直木三十五記念館の日々

直木賞にその名を残す直木三十五の記念館は市民参加型のミュージアム。運営の悪戦苦闘をストレートにお伝えします。

お金のこと

2006年01月26日 | Weblog
 このところニュースはライブドアのことばかり。私自身も興味深く見ているのは事実である。お金のことは人間誰しも興味があるということか。
 
 植村鞆音氏の「直木三十五伝」にも詳しくあるが、直木三十五という人は、件の堀江貴文以上に事業欲の強い人間であった。翻訳、出版、映画、美術およそ大正末期から昭和初期に考えられる文化的な事業にすべからく手を出して多額の借金を抱えて失敗をしている。きっと現代に生きていたならインターネットにいち早く注目してネット配信の著作権管理会社とかを早々に事業化していたのではないかと想像する。
 成功と失敗の差がどこにあるかは不明である。ホリエモンが成功者といえるのかも今となっては如何ともしがたい。直木の事業の失敗には私生活のだらしなさが原因している部分が大いにある。しかしながら直木には「新しいもの」を「本物」を世に示したいと考えていた高い志だけはあったように思う。
 
 直木の人生は「金」のことばかりに終始した人生のように言われる。
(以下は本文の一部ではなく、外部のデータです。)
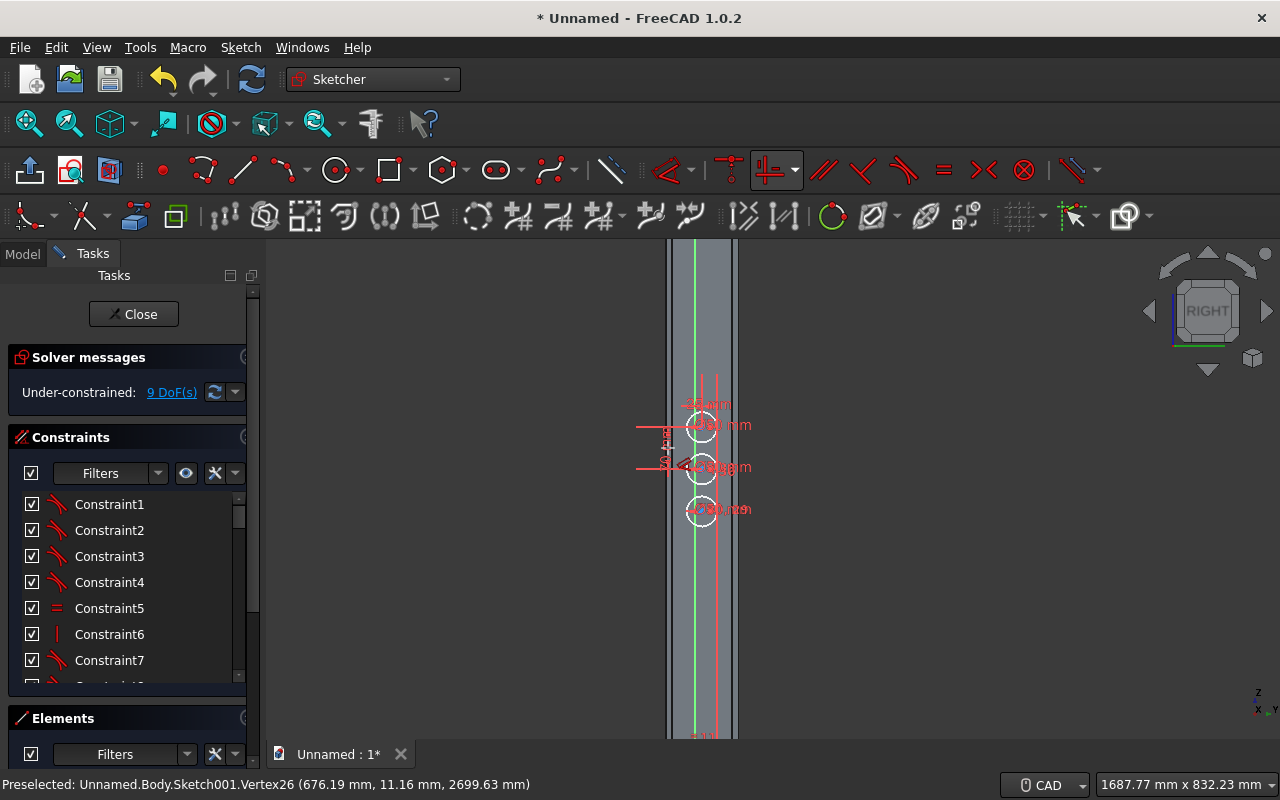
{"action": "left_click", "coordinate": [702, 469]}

確かに金の苦労は多かったようであるし、本人は何かにつけて金にまつわることを書いている。しかし直木の金にまつわる話に嫌らしい部分は少ない。唯一あるとすれば、鷲尾雨工が書いた「直木三十五の美醜」に書かれている、木挽町の文芸春秋倶楽部を訪れて金の無心をする際の直木の鷲尾に対する対応ぐらいである。これも後の研究によると直木は実際に金がなかったのでそっけない態度を取らざる得なかったという説や、鷲尾にはいずれちゃんとと思っていたのではないかという説もある。
 
 いずれにせよ、直木はあれだけ「金」と言う割にはカラッとしてジメジメした部分を感じないのは確かである。個人の資産が有り余るほどあってマネーゲームをやることや、六本木ヒルズに住んでフェラーリに乗ったり、自家用ジェットを所有するより、借金取りに追われて、原稿を書きまくり、文壇一高い原稿料をまた無駄遣いに浪費し、昭和初期に運転手を抱えて自家用車を所有する直木三十五の生活の方に憧れを感じてしまう。

 実はお金のことで切実なのは記念館の方である。年間の運営費はせいぜい250万円から300万円の間であるがその費用が単純に賄えない状態である。任意団体の悲しさではあるが、ある意味大阪のパブリシティとしてはもう1千万円くらいの価値があると思う。経済効果を誰も測定しないが、これはもっとすごい気がする。そういう意味では自分たちの正当な価値を世に問えない私達と粉飾してでも虚構の価値を金に変換できる彼らの差って何であるのか。